Our openshfit admin installed our operator since we do not have the permission. This is the summary from them, however we do not have a working couchbase cluster. We really do not understand why the network policy change could affect couchbase cluster.

That’s the hint we need… let me explain. In the distant past, you needed to fill in the fsGroup correctly or persistent volumes wouldn’t work. After every user didn’t fill this in, we decided to try do it for you with the dynamic admission controller. On OCP this interrogates the namespace that the cluster lives in and extracts the fsGroup from the annotations, which makes me suspect that the dynamic admission controller isn’t working correctly. You can manually set the fsGroup using these instructions Persistent Volumes | Couchbase Docs

I manually reset the fsGroup, all the pods come up. Thanks for your help.

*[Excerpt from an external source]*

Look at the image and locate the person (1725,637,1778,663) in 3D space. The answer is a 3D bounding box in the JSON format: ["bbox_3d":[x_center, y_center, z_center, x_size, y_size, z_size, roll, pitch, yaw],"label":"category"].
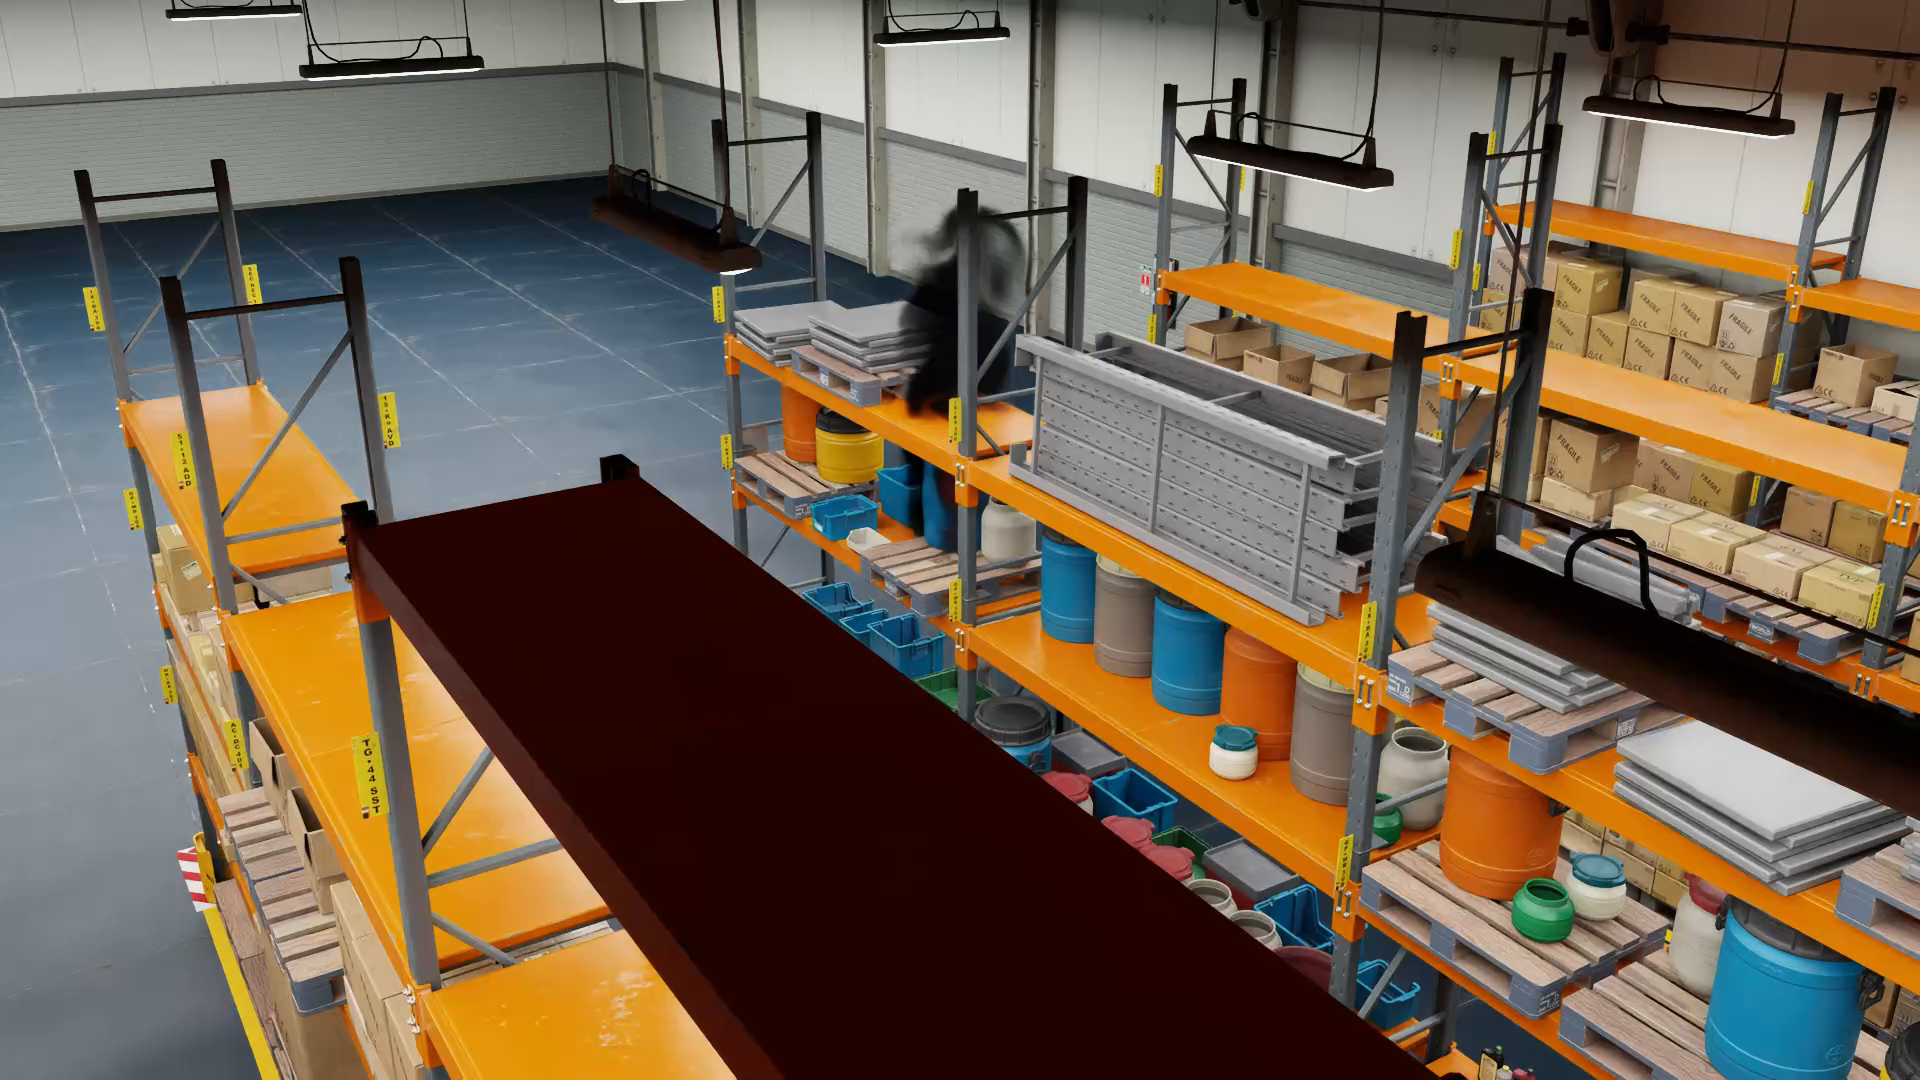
[{"bbox_3d":[7.602,1.316,15.906,0.609,1.713,0.841,-17,28,-36],"label":"person"}]

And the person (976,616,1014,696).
[{"bbox_3d":[0.259,1.119,16.538,0.730,1.479,0.524,18,28,38],"label":"person"}]

I sent the following to our openshift admin, questioned the DAC is not there.
Check the Status of the Operator
You can use the following command to check on the status of the deployments:
$ oc get deployments
NAME READY UP-TO-DATE AVAILABLE AGE
couchbase-operator 1/1 1 1 8s
couchbase-operator-admission 1/1 1 1 8s
CONSOLE
The Operator is ready to deploy CouchbaseCluster resources when both the DAC and Operator deployments are fully ready and available

root@usapprshilt100:/Automation/projects/openshift #oc project a-couchbase-test
Now using project “a-couchbase-test” on server “https://api.ivz-ocp-poc.ops.invesco.net:6443”.
root@usapprshilt100:/Automation/projects/openshift #
root@usapprshilt100:/Automation/projects/openshift #oc get deployment
NAME READY UP-TO-DATE AVAILABLE AGE
couchbase-operator 1/1 1 1 3d3h
root@usapprshilt100:/Automation/projects/openshift #n the poc,
I did not see the couchbase DAC running, couchbase-operator-admission is missing

But our admin mentioned if in our dev env, when they installed couchbase for all named space, they did not see DAC running, but everything is working fine. Now they want to install the couchbase operator only for our name space. this is where the problem pods are not coming up. So when the operator is installed for all the name space, you do not need DAC ?

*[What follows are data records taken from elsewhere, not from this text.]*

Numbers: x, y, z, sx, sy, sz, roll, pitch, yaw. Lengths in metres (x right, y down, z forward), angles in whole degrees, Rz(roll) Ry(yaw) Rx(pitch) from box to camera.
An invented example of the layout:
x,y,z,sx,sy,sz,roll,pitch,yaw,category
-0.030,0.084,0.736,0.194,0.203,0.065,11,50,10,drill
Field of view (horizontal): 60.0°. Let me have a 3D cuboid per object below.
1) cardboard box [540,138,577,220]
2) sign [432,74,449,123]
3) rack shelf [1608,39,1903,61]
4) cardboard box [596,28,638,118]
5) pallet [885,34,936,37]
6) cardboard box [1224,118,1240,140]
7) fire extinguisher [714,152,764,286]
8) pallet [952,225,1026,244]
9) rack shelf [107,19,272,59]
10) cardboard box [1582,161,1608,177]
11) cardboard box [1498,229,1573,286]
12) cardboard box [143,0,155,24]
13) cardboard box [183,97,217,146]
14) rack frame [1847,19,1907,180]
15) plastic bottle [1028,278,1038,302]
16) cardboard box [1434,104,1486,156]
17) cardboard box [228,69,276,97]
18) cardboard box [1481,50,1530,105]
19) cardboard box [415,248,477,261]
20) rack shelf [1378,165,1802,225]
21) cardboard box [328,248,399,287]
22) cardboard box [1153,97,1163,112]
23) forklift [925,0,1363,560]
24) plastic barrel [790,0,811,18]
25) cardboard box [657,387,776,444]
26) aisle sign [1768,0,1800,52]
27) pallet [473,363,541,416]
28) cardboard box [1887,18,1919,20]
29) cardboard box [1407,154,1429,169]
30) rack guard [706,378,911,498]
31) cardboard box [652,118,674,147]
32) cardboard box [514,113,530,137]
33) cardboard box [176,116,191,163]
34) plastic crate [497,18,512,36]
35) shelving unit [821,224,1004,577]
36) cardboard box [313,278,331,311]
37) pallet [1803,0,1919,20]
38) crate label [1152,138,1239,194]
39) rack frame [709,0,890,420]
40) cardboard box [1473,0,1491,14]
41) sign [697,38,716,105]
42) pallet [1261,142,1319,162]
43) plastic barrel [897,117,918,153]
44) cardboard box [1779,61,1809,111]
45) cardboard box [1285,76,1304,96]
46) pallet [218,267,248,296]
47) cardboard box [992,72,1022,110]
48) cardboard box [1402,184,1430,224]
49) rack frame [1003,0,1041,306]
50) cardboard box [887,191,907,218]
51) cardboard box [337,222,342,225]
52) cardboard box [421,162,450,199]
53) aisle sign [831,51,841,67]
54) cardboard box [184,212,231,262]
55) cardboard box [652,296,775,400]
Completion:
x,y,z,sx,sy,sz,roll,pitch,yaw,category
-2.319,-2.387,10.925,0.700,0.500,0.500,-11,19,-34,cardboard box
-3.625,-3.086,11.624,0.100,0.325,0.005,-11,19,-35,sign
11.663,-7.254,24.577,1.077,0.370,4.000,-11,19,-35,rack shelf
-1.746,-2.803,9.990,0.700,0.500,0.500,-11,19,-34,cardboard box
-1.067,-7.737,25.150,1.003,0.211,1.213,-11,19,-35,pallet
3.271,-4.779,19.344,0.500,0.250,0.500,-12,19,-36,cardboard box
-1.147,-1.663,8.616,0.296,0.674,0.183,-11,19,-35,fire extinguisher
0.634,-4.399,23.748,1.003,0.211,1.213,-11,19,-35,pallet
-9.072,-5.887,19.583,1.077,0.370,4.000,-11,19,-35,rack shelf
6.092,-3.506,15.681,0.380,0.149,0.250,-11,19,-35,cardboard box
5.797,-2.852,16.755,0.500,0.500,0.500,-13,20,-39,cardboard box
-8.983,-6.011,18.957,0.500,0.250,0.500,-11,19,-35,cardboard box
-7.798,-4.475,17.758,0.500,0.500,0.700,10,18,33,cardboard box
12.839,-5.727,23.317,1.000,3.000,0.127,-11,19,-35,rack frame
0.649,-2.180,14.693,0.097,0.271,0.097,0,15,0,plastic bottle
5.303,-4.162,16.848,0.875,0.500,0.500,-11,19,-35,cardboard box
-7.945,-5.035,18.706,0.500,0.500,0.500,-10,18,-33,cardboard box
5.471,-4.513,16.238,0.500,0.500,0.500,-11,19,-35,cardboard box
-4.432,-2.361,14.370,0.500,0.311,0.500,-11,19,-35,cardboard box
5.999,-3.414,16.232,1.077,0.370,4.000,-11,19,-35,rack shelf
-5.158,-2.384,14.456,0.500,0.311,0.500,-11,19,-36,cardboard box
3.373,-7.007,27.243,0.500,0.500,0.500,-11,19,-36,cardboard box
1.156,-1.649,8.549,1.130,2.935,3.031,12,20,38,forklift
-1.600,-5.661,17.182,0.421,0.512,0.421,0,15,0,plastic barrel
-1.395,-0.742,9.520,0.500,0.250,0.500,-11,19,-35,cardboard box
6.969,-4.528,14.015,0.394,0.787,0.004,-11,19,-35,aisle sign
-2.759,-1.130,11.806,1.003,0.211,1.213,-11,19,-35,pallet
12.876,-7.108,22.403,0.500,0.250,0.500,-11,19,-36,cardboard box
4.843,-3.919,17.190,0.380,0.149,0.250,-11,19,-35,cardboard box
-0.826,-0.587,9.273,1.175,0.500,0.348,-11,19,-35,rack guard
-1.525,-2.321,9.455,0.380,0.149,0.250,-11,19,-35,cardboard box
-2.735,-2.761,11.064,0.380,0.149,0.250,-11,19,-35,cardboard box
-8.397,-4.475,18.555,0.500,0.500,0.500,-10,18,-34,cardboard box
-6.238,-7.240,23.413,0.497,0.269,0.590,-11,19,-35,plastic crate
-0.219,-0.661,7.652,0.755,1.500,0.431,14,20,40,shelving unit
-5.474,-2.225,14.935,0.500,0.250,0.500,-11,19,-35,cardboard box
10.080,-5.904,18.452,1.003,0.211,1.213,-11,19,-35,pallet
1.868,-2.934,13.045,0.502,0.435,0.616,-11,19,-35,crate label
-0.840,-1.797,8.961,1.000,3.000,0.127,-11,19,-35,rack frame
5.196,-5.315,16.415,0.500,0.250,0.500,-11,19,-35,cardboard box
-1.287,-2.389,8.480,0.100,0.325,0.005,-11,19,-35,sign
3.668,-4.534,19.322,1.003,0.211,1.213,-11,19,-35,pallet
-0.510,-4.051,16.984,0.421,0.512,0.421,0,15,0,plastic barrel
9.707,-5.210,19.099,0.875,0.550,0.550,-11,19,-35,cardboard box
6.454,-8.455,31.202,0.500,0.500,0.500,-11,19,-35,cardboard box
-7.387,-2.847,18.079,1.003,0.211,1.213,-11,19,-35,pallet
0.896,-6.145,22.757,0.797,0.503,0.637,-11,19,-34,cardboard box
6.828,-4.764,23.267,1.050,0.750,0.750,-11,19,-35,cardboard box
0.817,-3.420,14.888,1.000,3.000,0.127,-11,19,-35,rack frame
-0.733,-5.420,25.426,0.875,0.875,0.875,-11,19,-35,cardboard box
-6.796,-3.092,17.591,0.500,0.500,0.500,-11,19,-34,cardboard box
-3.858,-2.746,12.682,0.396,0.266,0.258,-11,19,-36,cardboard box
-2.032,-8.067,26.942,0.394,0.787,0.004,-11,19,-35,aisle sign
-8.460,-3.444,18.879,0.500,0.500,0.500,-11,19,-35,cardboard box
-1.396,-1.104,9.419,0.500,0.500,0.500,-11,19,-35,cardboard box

No the DAC needs to always be installed. We recommend it’s run in the default cluster mode, and therefore you only need one installed, in any namespace.

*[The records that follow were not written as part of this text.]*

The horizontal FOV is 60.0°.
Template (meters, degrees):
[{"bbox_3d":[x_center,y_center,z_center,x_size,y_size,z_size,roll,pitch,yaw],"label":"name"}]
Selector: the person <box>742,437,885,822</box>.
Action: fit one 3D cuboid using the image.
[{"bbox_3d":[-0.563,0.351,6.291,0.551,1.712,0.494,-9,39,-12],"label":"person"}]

When we install it from GUI interface, according to our openshift admin, after he click install, the DAC is not installed. I could try to install it using the yaml file according to the instruction on the operator documents, however, I think that my permission as the admin of the name space is not good enough to finish the installation, it will still need openshift cluster admin role to install it ?

That’s correct, you need to install the DAC manually, it is not installed alongside the operator from the Openshift UI.